■ **DATA EXTRACTS**
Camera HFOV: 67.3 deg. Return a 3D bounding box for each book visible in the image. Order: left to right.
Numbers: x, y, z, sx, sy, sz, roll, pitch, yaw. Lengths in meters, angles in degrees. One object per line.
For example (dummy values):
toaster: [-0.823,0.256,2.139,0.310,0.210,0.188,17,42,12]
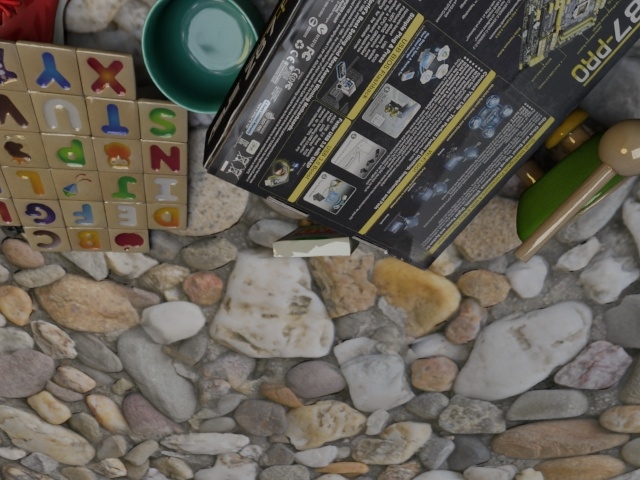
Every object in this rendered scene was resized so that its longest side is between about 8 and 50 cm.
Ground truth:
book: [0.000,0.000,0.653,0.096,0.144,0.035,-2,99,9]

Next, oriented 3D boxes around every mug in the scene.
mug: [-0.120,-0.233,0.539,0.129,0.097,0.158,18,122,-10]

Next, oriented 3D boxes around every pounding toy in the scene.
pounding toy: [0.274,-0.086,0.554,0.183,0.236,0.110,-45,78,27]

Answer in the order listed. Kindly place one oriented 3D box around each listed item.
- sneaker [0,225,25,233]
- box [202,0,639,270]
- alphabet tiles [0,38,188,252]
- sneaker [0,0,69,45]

--

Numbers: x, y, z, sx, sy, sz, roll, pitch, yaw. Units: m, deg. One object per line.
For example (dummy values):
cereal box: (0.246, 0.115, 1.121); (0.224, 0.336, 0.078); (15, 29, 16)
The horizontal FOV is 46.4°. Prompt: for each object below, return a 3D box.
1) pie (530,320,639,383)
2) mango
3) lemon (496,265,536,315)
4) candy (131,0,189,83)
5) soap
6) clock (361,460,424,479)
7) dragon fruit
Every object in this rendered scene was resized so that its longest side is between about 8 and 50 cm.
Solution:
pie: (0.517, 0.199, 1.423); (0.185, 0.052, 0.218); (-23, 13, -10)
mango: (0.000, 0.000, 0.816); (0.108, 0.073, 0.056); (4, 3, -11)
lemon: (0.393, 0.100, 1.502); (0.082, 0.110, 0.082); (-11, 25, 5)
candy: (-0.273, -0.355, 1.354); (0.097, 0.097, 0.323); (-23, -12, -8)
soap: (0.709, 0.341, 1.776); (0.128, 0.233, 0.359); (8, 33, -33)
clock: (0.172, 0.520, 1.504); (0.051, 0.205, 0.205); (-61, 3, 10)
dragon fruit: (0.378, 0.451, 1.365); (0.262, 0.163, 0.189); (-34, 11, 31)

...

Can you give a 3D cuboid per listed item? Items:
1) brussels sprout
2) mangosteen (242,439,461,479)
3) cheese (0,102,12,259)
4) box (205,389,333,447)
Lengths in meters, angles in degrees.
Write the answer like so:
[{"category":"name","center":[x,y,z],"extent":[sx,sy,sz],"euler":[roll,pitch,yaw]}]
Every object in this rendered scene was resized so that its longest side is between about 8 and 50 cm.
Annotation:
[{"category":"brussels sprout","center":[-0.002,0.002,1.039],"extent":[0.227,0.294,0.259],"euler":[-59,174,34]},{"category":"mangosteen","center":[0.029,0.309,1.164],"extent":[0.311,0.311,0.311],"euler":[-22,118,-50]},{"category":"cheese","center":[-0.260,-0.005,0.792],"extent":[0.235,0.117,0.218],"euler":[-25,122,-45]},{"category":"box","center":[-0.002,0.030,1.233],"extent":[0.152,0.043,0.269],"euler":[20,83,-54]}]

■ **REQUIRED WORK**
Reproduce verbatim only the segment of the listing bounded by the line containing "Next, oriented 3D boxes around every mug" and the line containing "- sneaker [0,0,69,45]", with both boundary lines included.

■ **TASK ANSWER**
Next, oriented 3D boxes around every mug in the scene.
mug: [-0.120,-0.233,0.539,0.129,0.097,0.158,18,122,-10]

Next, oriented 3D boxes around every pounding toy in the scene.
pounding toy: [0.274,-0.086,0.554,0.183,0.236,0.110,-45,78,27]

Answer in the order listed. Kindly place one oriented 3D box around each listed item.
- sneaker [0,225,25,233]
- box [202,0,639,270]
- alphabet tiles [0,38,188,252]
- sneaker [0,0,69,45]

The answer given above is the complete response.